Aurélie alias "Oh really" A Valla et ses environs, Le quotidien 4 Comments

Déjà deux mois que notre petit Louis est né. Le temps passe vite et pourtant, j'ai l'impression que sa naissance a eu lieu il y a une éternité. Un souvenir mitigé puisque l'accouchement n'a pas été une partie de plaisir et qu'à cette époque, les incendies en Australie ravageaient les régions environnantes. J'aurais aussi pu intituler cet article : "Louis et son baptême du feu" mais vu les circonstances, faire de l'humour aurait été particulièrement mal venu. Heureusement, notre petit garçon nous comble et ponctue cette période austère par de grands moments de bonheur.
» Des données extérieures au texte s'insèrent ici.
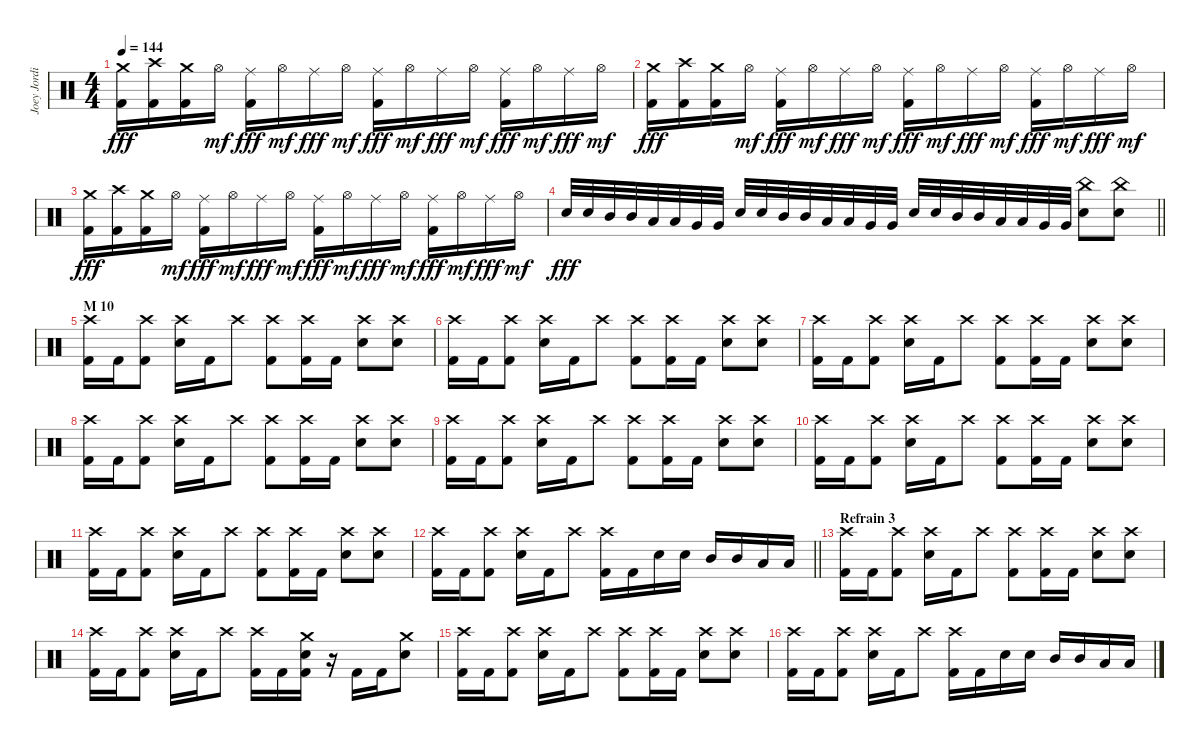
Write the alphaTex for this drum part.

Donner naissance est une sacrée expérience. Je suis plutôt tentée d'écrire "terrible" mais je ne peux parler au nom de toutes les femmes qui sont déjà passées par là. Certaines diront même peut-être que ce n'est pas si terrible que ça. Toutes m'ont dit qu'on oublie vite. Ce qui pour moi ne semble pas tout à fait juste. On n'oublie pas qu'on a eu mal, on est juste incapable de décrire la douleur et on ne veut pas effrayer les femmes qui ne sont pas encore passées par là. Le sketch de Florence Foresti sur l'accouchement prend alors tout son sens... Pour faire bref, fissure de la poche des eaux à 20h30, début des contractions à 23h30, arrivée à la maternité à 8h30, contractions jusqu'à 22h30 puis arrêt des contractions. 14 heures de douleur à essayer toutes sortes de positions (debout, sur le côté, dans l'eau, sur le lit, à côté du lit, sur un gros ballon...). Finalement j'ai eu une perfusion d'ocytocine pour que les contractions reprennent. J'ignorais alors que la douleur ressentie auparavant était 5 fois moins intense que ce que j'allais vivre dans les 5 heures qui ont suivi avant la fin de l'accouchement. Mon corps était tellement épuisé que je tombais dans un sommeil profond entre les 2 minutes qui séparaient chaque contraction. Tant de fois j'ai pensé que je ne serai jamais capable de mettre au monde mon enfant. J'ai voulu faire ma maligne en n'ayant pas recours à la péridurale. Maintenant que c'est passé, j'en garde une certaine fierté. J'aurais sûrement dit oui si on m'en avait proposé une aux moments les plus critiques. Finalement Louis est né, en détresse respiratoire car il avait le cordon deux fois enroulé autour du cou. Il est resté 45 minutes sur la table de réanimation avec toute une équipe médicale pour lui administrer les soins nécessaires sous le regard soucieux du papa. Il est maintenant en pleine santé.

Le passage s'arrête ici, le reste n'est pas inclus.